Das Kloster beherbergt unglaubliche alte Wandmalereien, sehr gut erklärt mit Schautafeln. Im Jahr 1525 wurde das Kloster im Zuge der Reformation aufgelassen und hat seitdem verschiedenen Zwecken gedient. Die meisten der Malereien entstammen unmittelbar vor der Zeit der Reformation und sind ambitionierten Äbten geschuldet, welche prominente Maler beauftragten. Damit ist auch klar: So karg konnte das klösterliche Leben nicht sein, daher hatte die Reformation wohl auch einen Grund…

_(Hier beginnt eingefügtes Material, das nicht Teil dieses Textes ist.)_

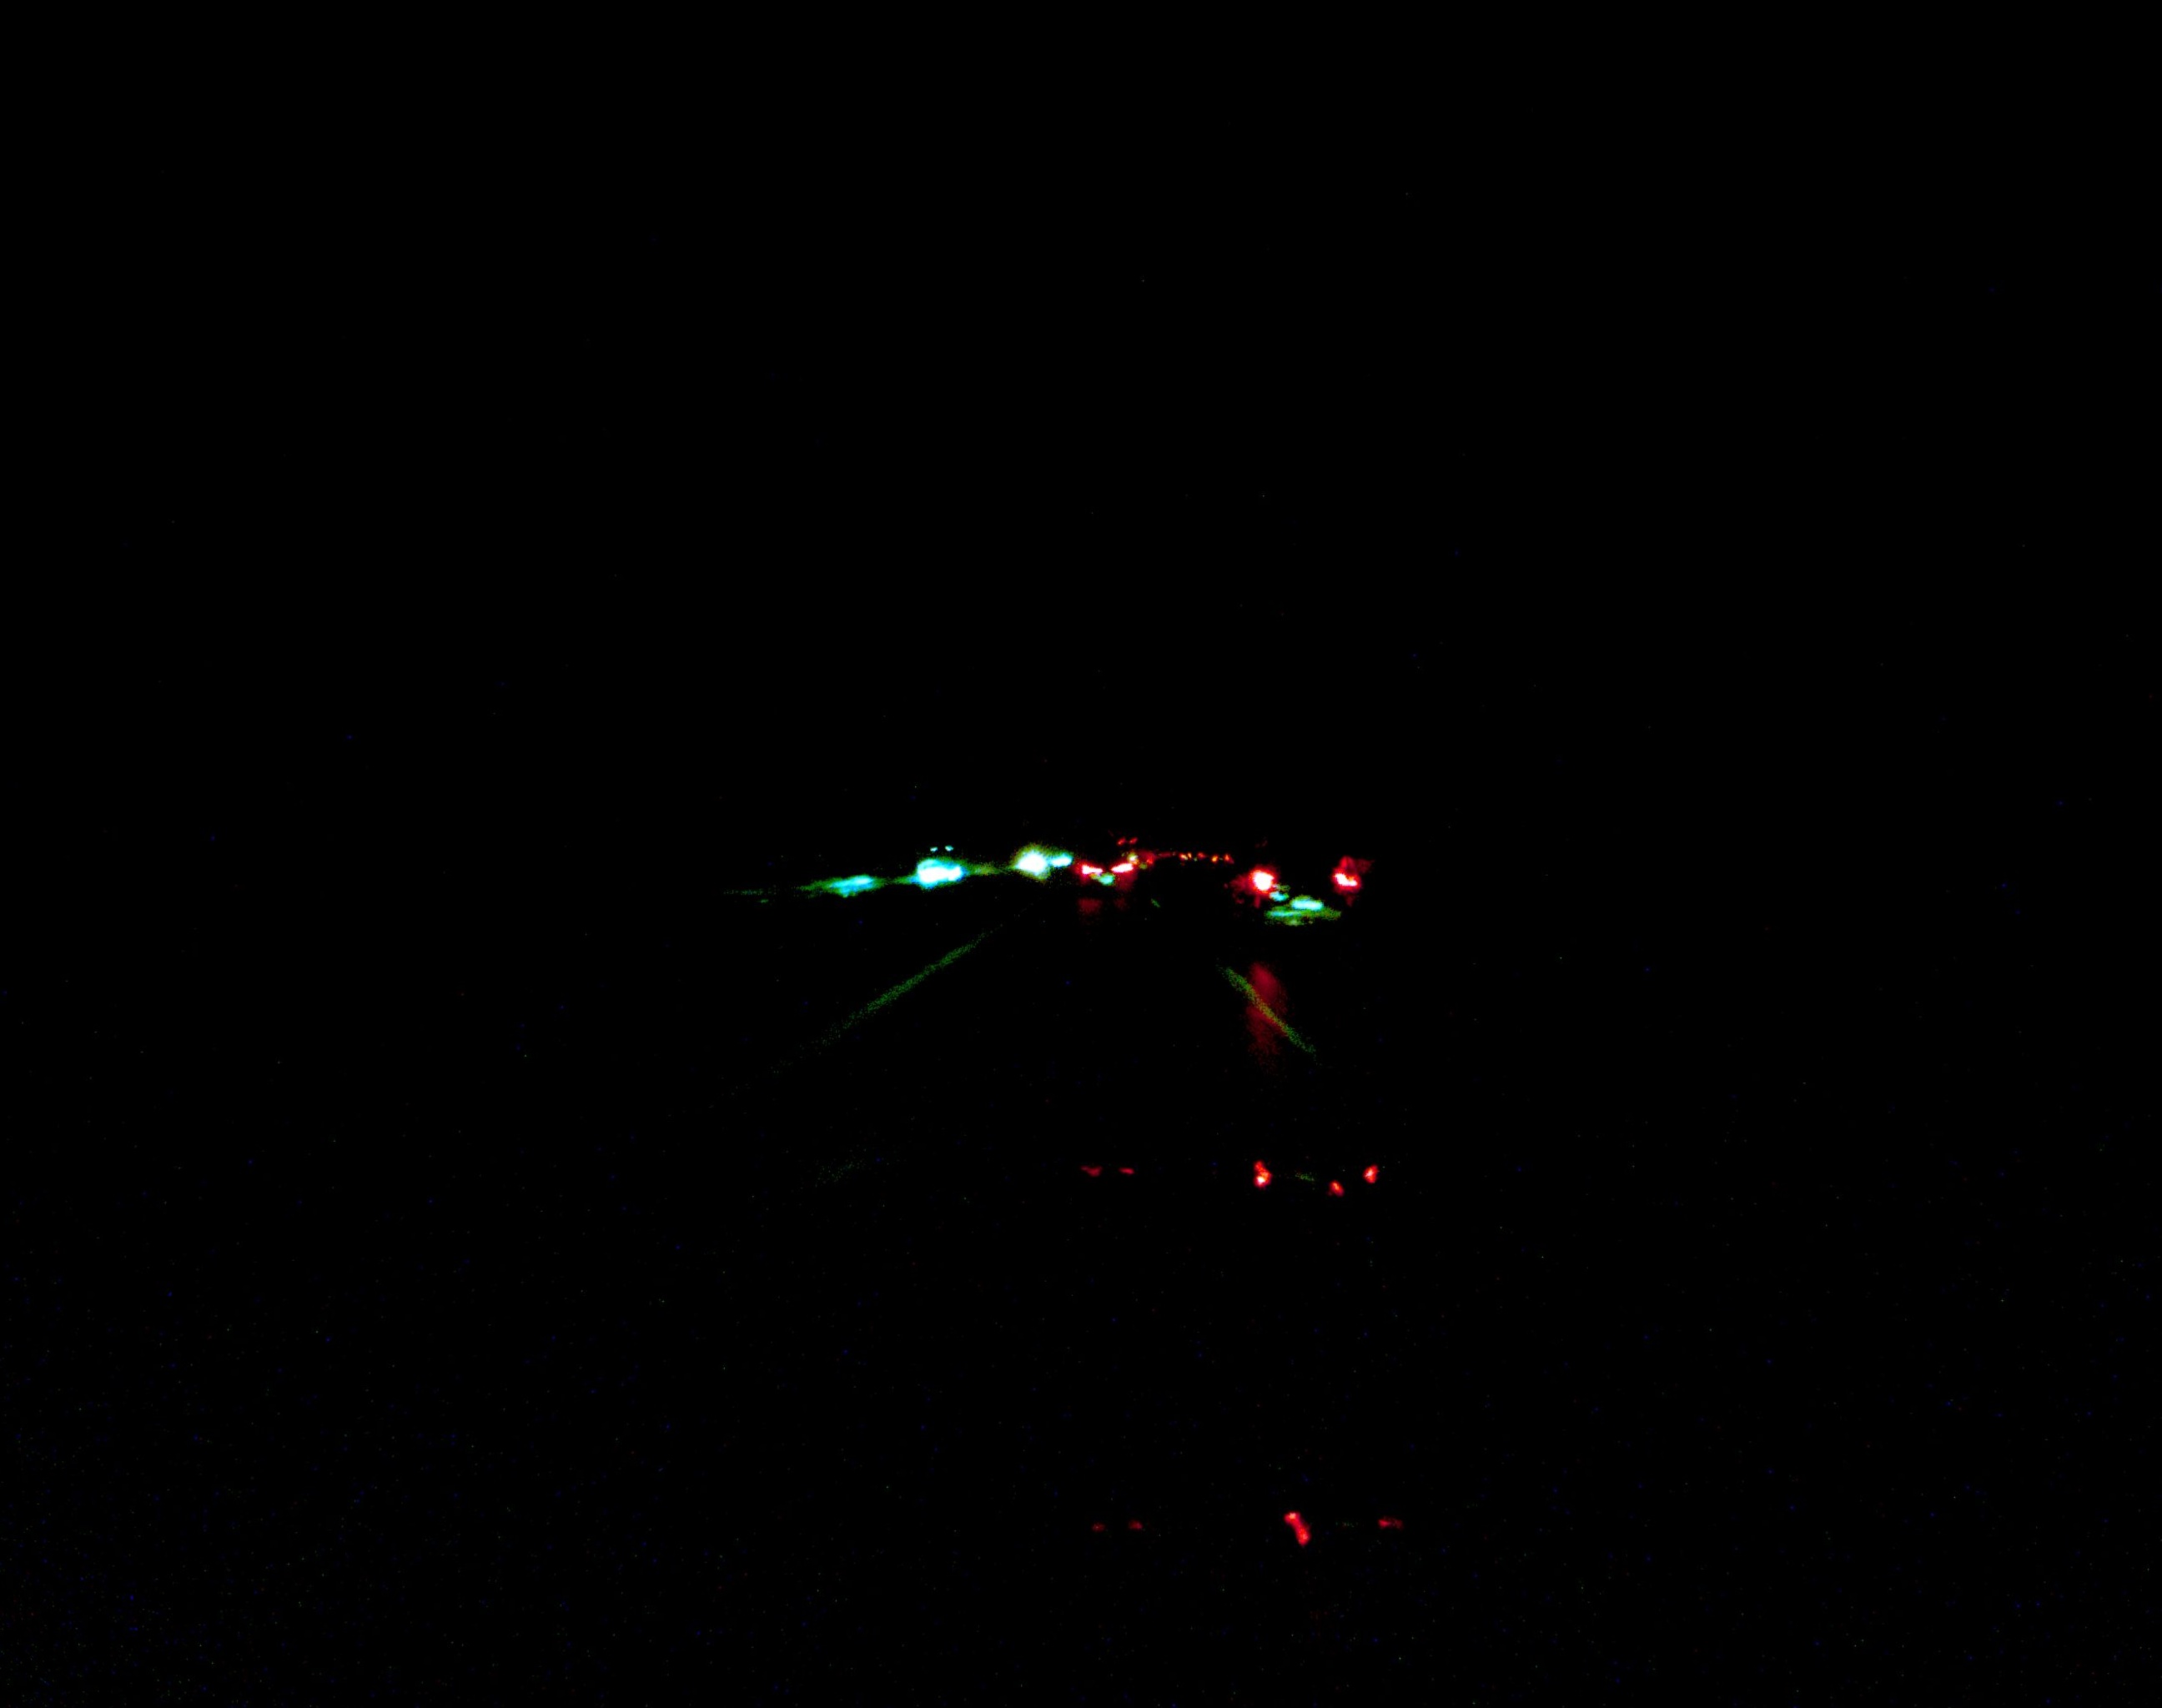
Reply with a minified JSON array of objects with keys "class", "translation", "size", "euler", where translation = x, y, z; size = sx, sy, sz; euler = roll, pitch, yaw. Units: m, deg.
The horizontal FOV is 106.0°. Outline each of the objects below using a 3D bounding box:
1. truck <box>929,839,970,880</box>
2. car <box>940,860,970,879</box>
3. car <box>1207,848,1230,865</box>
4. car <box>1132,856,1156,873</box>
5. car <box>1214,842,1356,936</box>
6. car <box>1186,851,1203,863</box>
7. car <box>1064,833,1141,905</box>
[{"class":"truck","translation":[-14.136,0.554,87.949],"size":[2.910,4.094,6.996],"euler":[-3,0,2]},{"class":"car","translation":[-10.924,1.307,70.908],"size":[1.790,1.574,3.975],"euler":[-2,0,2]},{"class":"car","translation":[14.037,0.259,83.398],"size":[1.848,1.618,4.003],"euler":[0,0,3]},{"class":"car","translation":[5.930,0.983,77.386],"size":[2.128,1.618,4.003],"euler":[0,0,3]},{"class":"car","translation":[3.794,0.588,15.852],"size":[1.877,1.588,4.002],"euler":[-1,0,2]},{"class":"car","translation":[15.060,0.405,108.341],"size":[1.849,1.618,4.002],"euler":[0,0,2]},{"class":"car","translation":[0.817,0.524,33.077],"size":[2.701,2.534,5.831],"euler":[-3,0,0]}]

Allerdings besuchen viele Touristen das Kloster aufgrund der üppigen Malerei, darf man nicht vergessen. Der Festsaal ist in den Jahren 1515/1516 entstanden, hier hat der Abt David von Winkelsheim wichtige Gäste empfangen.
Überhaupt wird der Rhein in der Region für alle möglichen Wasseraktivitäten verwendet, Schifffahrten im privaten und öffentlichen Bereich, Baden in verschiedenen Badehäusern oder Freibädern direkt am Ufer.

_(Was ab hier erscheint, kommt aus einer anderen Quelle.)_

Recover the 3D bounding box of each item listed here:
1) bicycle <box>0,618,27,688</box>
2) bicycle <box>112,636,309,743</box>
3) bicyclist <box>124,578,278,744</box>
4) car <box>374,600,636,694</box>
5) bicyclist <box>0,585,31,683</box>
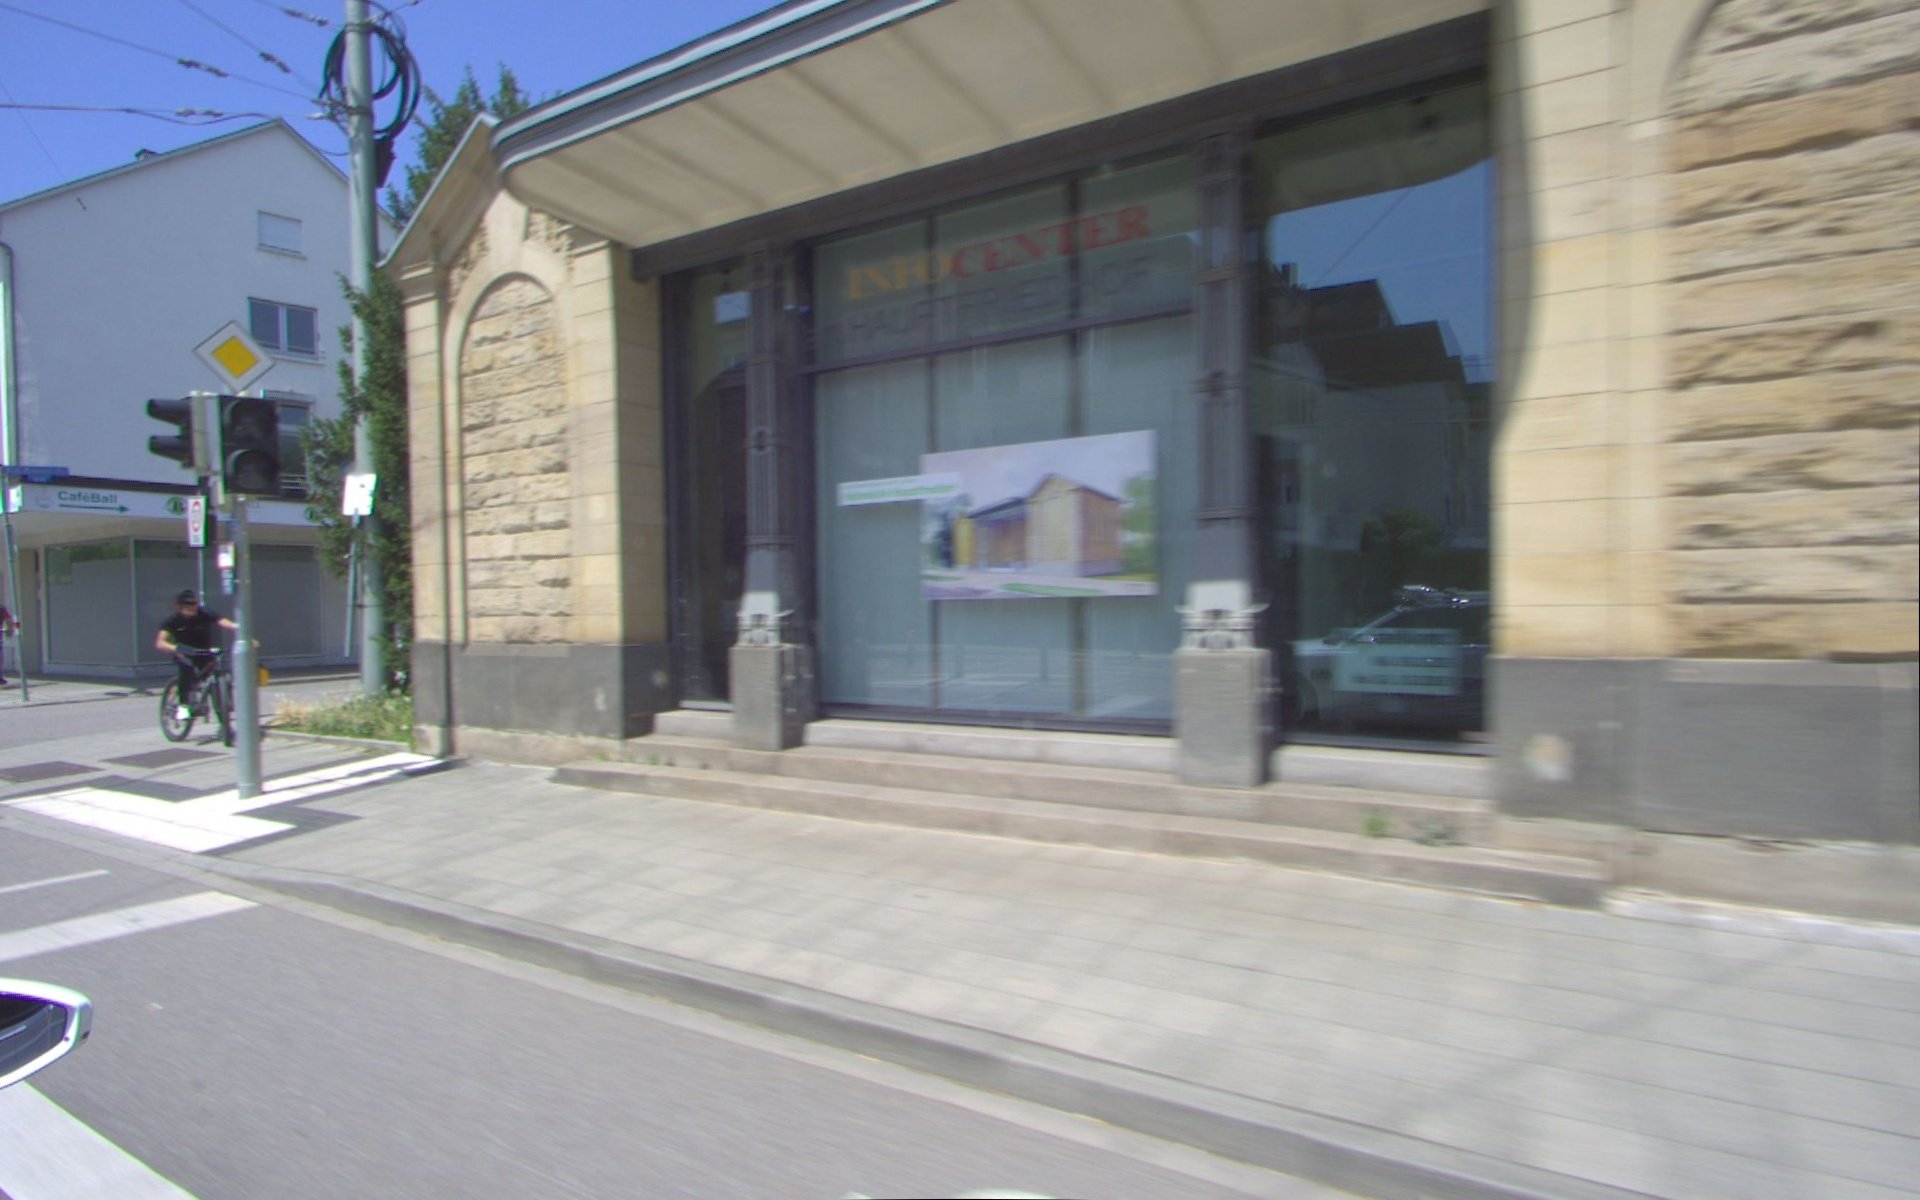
[{"bbox_3d":[-17.746,0.958,18.537,0.371,1.213,1.892,-2,1,-34],"label":"bicycle"},{"bbox_3d":[-7.967,0.937,10.654,1.830,1.017,0.668,-2,5,19],"label":"bicycle"},{"bbox_3d":[-8.028,0.627,10.624,0.845,1.641,0.832,-1,5,18],"label":"bicyclist"},{"bbox_3d":[-8.206,0.766,18.450,1.685,1.451,4.220,2,1,30],"label":"car"},{"bbox_3d":[-17.915,0.621,18.633,0.720,1.784,0.918,-2,2,-34],"label":"bicyclist"}]

Das Rheinbad in Schaffhausen
Aber kein Licht ohne Schatten – wo ein Fluss, da gibt es mitunter auch Hochwasser, wie an den folgenden Marken erkennbar.
Den Abschluss in Schaffhausen bildet der Munot der „Schlossberg“ der Stadt. Zwar war die Anlage einst (ca. 1530) zu Wehrzwecken errichtet worden, aber der Nutzen in dieser Richtung war kaum gegeben, so begann man im 18 Jhdt sogar mit dem Abbau des Munot um die Steine für die wachsende Stadt zu verwenden. Ein Schweizer Lehrer setzte sich für den Erhalt ein und so wurde ein Verein gegründet, welcher sich um den Erhalt kümmert. Heute wird die Städte als Veranstaltungsort genutzt.
Und hier der Munot im Überblick:
Von Schaffhausen sollte man zum Rheinfall den Radweg nehmen, an die 3-4 km entlang des Rheins. Auch wenn der Fluss suggeriert, dass dieser immer in flacher Ebene verläuft – das ist nicht so und so gesehen haben e-Bikes auch hier bei vielen Besuchern ihre Berechtigung. Der Rheinfall – imposant und laut, ein Pflicht-Erlebnis.